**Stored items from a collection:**
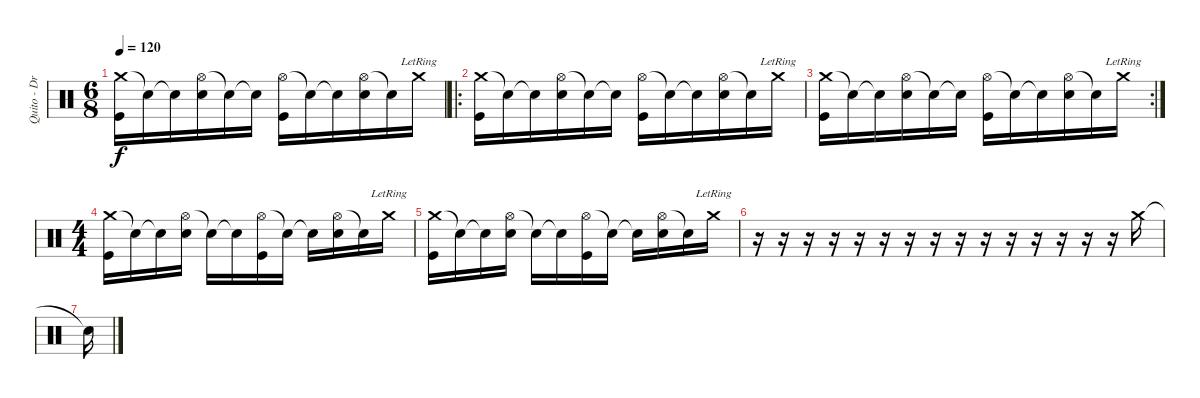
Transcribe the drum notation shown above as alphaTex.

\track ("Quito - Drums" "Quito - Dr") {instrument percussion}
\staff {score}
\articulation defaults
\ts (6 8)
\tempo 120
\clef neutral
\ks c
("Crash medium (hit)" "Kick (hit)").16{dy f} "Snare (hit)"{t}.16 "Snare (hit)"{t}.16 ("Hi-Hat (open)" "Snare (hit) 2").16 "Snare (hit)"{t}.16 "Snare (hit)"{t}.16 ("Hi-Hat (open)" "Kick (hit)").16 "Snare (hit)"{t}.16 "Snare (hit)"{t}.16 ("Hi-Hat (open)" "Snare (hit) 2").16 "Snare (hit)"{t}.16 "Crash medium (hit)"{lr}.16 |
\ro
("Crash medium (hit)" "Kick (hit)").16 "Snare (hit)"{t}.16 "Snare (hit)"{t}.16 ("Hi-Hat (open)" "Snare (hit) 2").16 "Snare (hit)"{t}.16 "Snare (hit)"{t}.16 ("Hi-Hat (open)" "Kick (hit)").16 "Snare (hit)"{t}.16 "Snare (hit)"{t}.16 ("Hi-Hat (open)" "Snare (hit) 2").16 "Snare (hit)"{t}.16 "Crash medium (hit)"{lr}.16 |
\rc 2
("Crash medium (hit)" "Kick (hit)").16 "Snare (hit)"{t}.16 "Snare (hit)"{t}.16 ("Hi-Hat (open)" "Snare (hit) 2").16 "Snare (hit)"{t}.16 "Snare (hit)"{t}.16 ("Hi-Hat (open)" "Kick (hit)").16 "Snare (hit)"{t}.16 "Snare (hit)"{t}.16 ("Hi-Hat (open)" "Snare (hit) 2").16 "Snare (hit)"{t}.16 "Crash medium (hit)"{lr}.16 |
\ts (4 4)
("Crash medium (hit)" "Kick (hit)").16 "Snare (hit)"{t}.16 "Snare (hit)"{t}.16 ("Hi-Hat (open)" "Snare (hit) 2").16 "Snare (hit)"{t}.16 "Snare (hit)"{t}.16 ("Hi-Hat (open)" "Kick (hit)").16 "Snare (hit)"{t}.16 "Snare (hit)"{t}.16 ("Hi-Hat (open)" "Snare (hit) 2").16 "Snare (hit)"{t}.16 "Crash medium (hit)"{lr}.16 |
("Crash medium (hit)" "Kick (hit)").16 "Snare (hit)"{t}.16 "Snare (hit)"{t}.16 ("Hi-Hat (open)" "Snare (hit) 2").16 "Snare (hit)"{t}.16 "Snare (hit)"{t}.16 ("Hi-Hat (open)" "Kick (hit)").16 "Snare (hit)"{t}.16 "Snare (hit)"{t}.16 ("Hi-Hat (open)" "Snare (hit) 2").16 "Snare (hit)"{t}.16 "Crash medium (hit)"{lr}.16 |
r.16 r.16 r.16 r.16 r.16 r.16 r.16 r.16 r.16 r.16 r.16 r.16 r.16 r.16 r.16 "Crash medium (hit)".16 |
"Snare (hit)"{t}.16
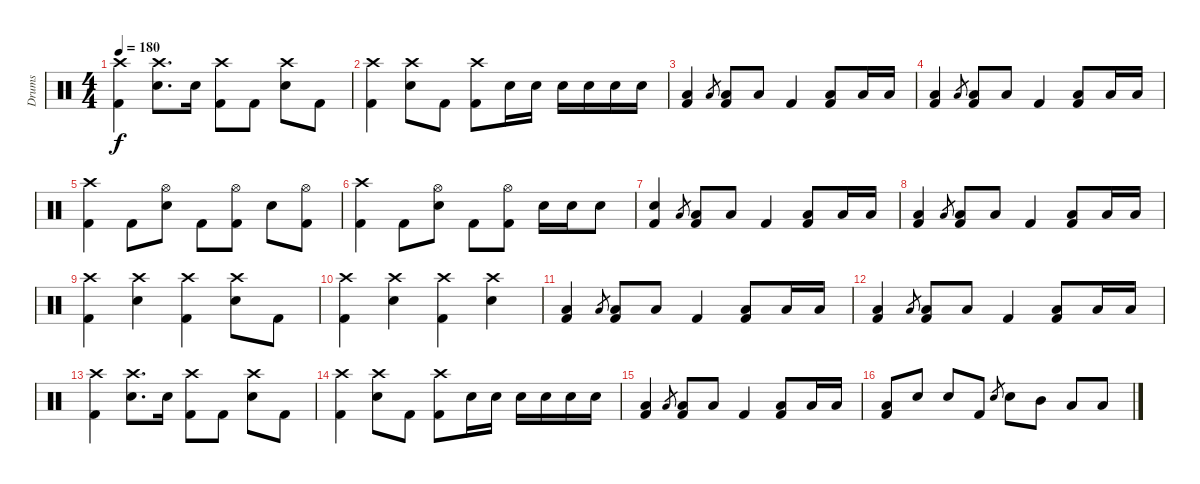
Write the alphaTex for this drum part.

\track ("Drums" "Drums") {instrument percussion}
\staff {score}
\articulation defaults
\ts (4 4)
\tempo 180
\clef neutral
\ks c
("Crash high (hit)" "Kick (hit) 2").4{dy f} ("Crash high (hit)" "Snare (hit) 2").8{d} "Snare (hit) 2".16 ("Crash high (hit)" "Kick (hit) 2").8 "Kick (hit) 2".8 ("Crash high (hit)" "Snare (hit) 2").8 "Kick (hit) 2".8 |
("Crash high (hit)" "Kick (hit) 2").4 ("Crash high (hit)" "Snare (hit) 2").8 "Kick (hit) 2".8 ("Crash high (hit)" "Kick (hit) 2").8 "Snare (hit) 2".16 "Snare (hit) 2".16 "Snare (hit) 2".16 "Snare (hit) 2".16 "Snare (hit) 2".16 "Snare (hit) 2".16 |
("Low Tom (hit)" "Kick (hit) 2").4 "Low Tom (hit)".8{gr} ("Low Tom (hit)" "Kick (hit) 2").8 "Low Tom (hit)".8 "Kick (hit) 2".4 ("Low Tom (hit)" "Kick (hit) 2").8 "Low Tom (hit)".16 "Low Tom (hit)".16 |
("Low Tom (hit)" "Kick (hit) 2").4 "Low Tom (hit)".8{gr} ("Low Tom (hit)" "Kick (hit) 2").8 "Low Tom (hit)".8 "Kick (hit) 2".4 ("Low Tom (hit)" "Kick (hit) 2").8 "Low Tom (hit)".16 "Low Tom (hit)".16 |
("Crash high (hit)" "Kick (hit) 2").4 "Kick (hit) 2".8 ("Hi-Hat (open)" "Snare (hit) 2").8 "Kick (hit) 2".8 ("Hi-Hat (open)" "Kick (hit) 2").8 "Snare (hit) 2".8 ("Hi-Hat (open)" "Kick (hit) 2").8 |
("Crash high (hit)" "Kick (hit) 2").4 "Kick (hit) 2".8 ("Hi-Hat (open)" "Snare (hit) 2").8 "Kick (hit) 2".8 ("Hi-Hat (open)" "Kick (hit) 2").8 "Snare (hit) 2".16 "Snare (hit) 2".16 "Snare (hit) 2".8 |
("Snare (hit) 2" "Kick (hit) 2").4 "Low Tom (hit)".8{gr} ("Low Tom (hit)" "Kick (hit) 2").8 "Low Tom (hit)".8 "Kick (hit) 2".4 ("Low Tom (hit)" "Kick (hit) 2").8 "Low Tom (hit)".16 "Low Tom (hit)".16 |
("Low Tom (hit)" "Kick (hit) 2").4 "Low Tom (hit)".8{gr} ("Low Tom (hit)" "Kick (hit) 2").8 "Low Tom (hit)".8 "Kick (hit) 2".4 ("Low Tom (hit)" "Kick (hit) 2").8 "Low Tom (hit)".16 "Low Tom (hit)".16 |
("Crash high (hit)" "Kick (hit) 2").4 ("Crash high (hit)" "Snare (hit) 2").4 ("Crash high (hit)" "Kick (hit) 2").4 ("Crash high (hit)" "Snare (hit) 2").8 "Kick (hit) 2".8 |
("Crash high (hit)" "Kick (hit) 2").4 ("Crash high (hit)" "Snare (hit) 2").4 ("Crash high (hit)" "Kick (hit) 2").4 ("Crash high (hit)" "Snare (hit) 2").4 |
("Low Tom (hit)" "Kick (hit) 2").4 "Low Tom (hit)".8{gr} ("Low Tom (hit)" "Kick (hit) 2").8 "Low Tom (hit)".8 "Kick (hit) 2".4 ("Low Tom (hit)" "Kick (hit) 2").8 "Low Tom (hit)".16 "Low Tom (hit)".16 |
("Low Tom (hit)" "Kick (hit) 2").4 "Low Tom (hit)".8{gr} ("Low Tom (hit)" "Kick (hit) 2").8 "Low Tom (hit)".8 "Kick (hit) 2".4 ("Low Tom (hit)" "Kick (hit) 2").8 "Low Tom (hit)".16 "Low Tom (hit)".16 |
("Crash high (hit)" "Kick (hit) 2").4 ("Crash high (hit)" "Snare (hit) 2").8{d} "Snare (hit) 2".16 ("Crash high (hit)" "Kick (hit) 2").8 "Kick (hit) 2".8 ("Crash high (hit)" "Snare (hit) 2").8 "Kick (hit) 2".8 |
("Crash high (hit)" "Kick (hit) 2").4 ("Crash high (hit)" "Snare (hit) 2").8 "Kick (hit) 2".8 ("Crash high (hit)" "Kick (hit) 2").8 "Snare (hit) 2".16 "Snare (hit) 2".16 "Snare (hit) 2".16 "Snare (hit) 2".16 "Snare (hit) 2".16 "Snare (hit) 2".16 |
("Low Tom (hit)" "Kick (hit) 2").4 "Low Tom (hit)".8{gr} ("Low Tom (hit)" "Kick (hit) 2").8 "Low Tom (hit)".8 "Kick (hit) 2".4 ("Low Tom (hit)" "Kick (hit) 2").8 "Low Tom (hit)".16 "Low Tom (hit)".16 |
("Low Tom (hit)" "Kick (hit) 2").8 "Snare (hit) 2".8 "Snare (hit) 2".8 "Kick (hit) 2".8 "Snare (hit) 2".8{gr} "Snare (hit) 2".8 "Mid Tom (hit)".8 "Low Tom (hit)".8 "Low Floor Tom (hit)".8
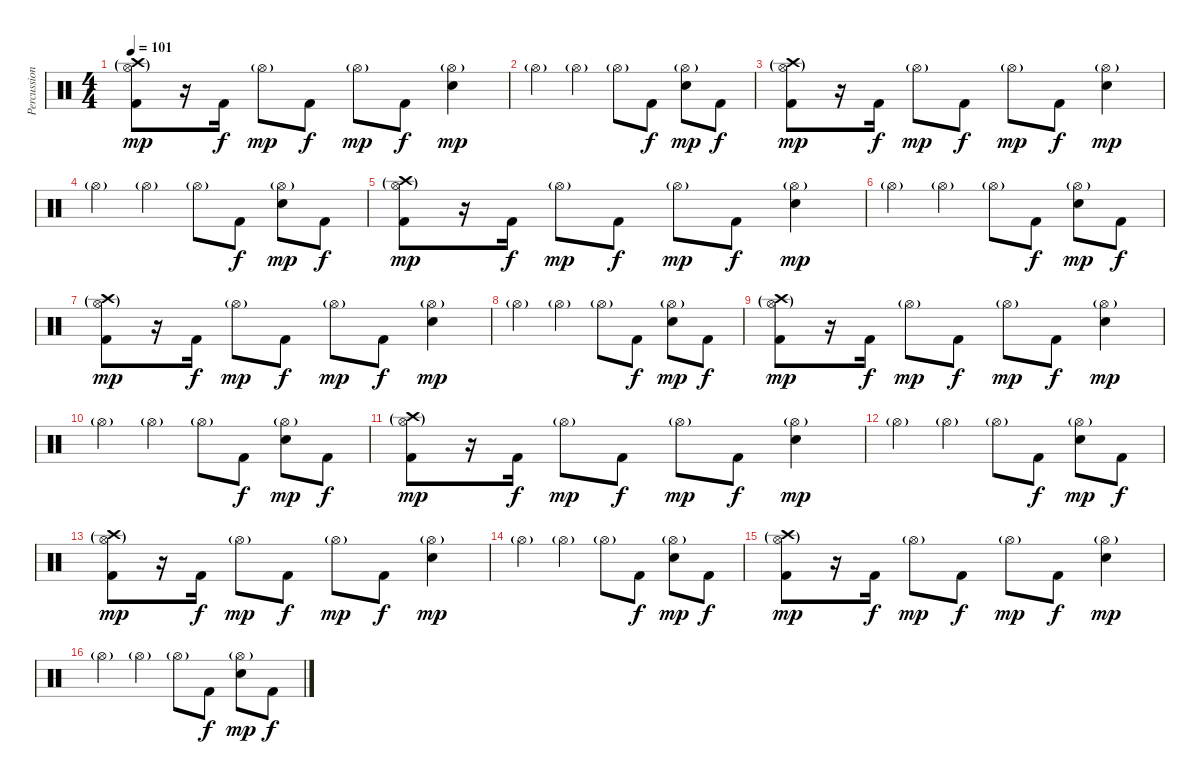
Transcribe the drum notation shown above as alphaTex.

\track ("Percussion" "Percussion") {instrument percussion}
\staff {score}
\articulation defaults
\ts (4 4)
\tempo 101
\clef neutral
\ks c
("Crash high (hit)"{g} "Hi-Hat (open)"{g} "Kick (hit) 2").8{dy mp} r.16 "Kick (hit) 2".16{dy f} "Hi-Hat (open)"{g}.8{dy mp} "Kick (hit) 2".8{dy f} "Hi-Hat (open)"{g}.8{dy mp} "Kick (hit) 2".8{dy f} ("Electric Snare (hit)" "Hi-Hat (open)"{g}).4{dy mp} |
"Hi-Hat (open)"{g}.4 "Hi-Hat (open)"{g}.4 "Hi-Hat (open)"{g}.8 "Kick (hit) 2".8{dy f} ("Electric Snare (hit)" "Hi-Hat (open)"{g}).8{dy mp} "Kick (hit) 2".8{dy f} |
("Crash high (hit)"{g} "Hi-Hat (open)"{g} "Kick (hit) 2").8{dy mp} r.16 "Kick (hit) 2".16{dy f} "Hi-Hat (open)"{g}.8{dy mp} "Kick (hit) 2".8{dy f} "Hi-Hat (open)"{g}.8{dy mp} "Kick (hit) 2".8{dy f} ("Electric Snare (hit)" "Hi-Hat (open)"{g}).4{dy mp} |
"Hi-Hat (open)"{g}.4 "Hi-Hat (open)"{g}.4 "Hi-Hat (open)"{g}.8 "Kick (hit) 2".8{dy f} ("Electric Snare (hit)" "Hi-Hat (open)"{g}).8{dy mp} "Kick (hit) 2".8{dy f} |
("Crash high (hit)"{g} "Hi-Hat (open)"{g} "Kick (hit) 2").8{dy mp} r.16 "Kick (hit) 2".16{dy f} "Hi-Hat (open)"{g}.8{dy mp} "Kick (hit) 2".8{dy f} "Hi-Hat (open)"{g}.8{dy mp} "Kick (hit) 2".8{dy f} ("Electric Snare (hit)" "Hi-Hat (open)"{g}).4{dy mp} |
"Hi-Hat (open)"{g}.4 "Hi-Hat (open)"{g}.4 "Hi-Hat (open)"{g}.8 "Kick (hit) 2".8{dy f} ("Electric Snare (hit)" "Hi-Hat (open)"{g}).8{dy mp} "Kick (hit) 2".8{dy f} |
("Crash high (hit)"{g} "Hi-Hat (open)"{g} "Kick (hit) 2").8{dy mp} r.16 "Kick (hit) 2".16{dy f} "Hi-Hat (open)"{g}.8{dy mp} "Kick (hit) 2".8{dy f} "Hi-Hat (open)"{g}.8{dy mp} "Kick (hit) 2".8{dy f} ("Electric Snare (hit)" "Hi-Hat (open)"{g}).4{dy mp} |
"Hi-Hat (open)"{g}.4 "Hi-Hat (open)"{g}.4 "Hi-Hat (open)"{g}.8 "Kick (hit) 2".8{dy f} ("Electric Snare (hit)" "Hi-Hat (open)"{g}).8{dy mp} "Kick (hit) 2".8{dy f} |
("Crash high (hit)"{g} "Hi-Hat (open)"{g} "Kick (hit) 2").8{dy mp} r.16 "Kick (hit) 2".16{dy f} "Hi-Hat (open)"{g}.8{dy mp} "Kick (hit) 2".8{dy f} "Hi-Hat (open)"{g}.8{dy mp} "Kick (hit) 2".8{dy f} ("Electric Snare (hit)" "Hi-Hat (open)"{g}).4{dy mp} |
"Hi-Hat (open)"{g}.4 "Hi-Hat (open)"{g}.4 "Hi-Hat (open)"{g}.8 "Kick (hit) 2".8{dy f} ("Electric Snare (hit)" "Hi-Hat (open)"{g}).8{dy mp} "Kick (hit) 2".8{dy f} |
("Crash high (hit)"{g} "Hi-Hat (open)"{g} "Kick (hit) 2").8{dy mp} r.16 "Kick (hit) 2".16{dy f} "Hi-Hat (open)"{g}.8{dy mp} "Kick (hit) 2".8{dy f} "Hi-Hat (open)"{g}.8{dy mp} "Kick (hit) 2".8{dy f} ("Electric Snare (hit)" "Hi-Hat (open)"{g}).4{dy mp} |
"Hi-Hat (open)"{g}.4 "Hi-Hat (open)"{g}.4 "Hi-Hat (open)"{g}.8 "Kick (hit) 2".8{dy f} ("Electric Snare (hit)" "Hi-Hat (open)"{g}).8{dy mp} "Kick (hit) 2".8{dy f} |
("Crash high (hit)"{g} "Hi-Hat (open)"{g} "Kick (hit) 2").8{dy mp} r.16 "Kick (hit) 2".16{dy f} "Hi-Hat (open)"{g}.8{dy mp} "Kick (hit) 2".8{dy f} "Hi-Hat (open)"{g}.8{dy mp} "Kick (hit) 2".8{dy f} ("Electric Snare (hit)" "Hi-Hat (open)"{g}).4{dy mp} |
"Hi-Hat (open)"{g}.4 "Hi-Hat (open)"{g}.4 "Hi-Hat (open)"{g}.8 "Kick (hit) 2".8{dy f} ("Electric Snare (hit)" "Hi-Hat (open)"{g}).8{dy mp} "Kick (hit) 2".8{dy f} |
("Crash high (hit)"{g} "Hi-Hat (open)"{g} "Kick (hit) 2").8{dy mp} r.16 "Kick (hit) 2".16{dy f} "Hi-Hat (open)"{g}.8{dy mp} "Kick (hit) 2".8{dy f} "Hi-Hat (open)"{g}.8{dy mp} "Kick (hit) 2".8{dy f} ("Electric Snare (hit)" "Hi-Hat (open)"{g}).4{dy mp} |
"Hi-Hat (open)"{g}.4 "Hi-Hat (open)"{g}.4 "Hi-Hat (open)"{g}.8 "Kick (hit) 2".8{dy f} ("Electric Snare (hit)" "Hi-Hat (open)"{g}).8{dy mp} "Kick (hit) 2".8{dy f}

**TO DO:** Could you state how many lines of the records contain "track"? Give the number and nothing else.

**ANSWER SPACE:** 3